Caution should thus always be taken when interpreting score values, since the reported scores might not accurately reflect the optimal capabilities of the methods. Also, we have run the programs using mostly their default parameter settings. We are fully aware that adjusting the parameters can greatly affect the performance of a program, however, selecting the most appropriate parameter values be can be tricky and running methods with default settings is probably closer to typical usage.

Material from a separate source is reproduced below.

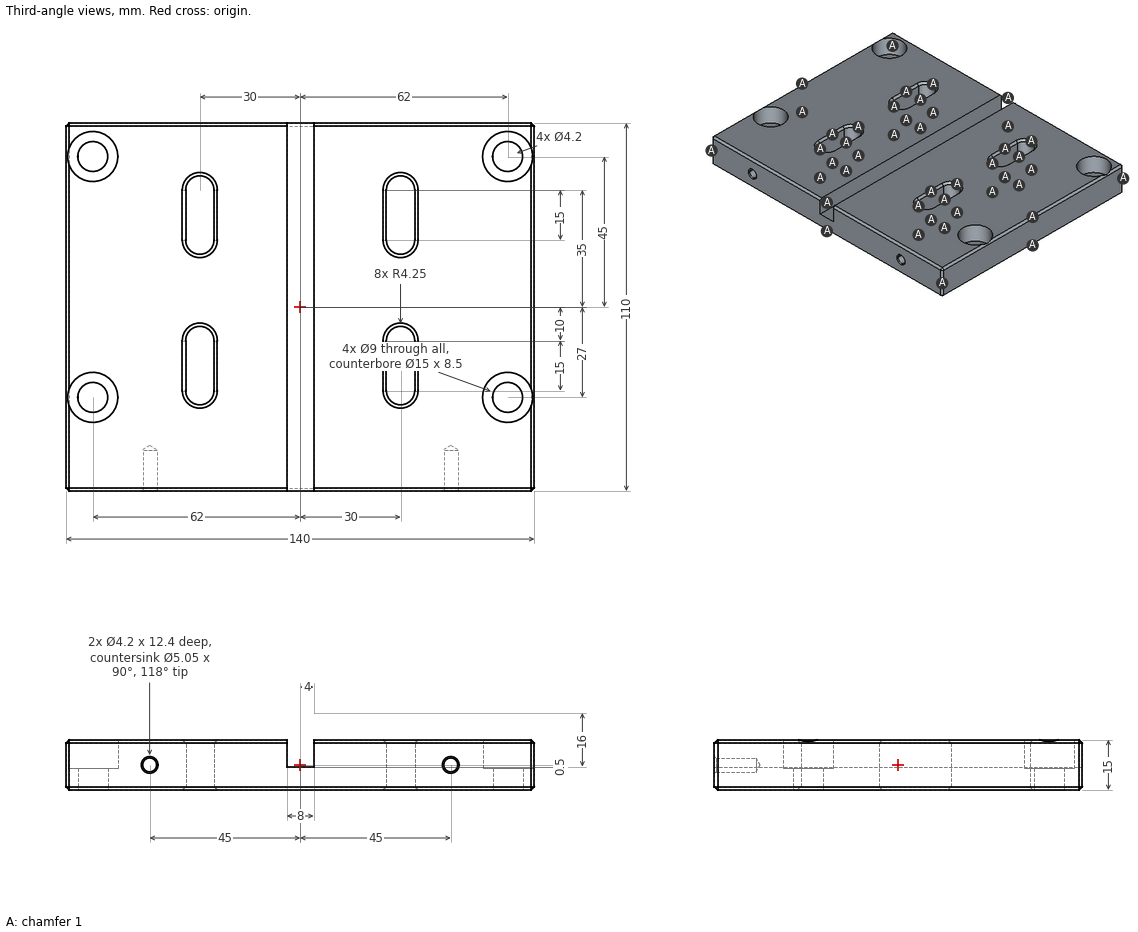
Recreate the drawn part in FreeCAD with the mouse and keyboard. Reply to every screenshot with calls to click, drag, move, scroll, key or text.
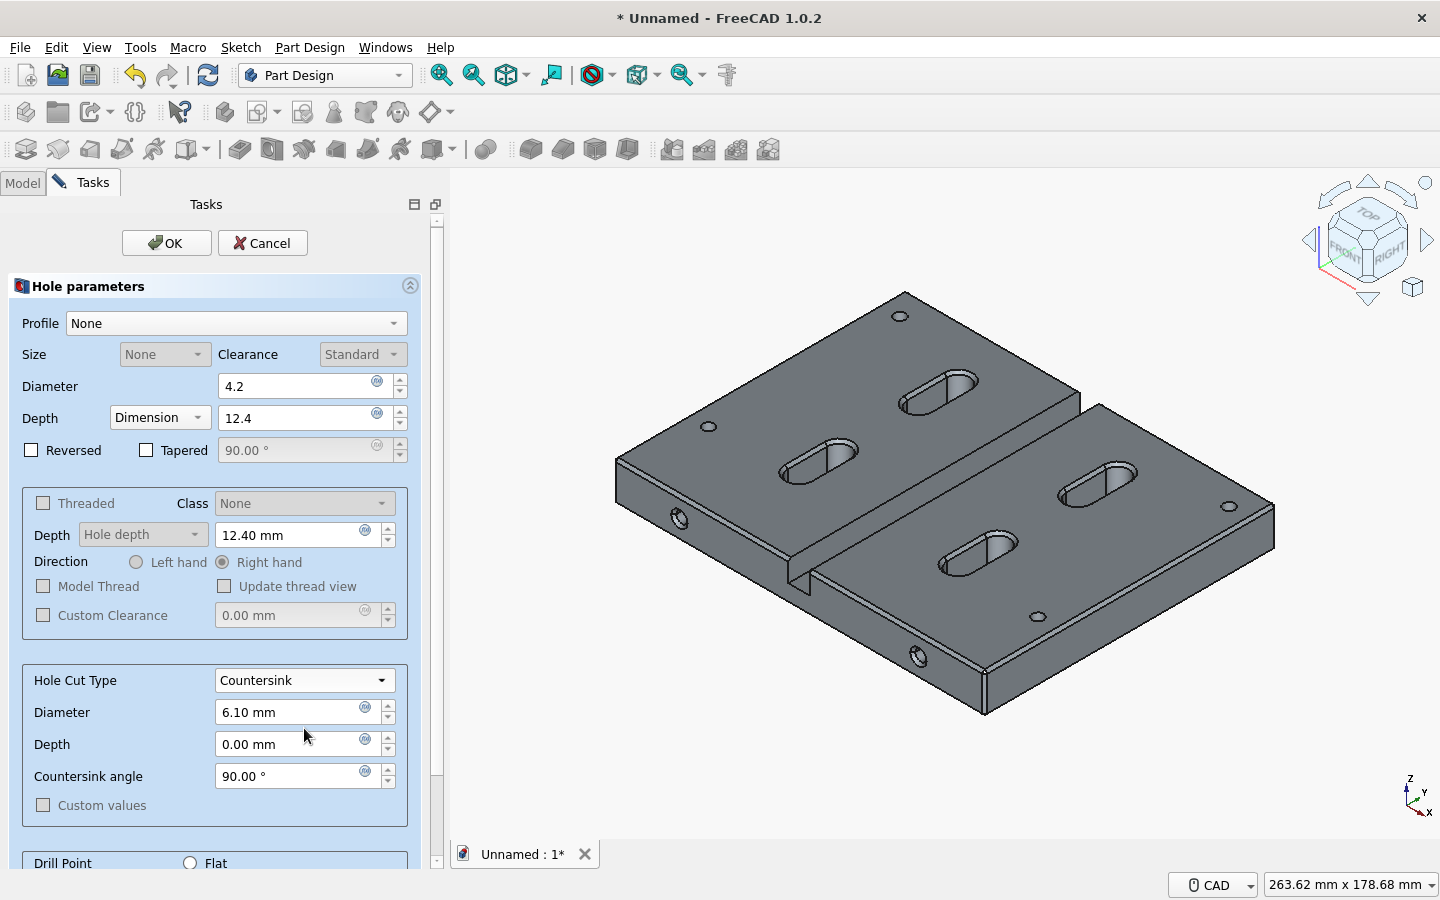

It is inherently difficult to conduct an assessment that is fair to all methods. Even the most minute design choice can influence the outcome if it unintentionally favours some methods over others. For instance, limiting the size of input sequences will be beneficial for most module discovery tools since it improves the signal-to-noise ratio. On the other hand, using too short sequences can disadvantage methods that require substantial amounts of data in order to derive elaborate background models. The best solution, then, is to try to balance the scales by subjecting methods to several different situations with datasets exhibiting a range of characteristics. This will make it harder still to declare a winner, since it will inevitably lead to even greater variation in the results. Then again, the purpose of benchmarks tests need not be to identify a single program that can be recommended for all needs, but rather to determine how different methods behave under different conditions, thus enabling us to select the most appropriate tool to use in specific situations.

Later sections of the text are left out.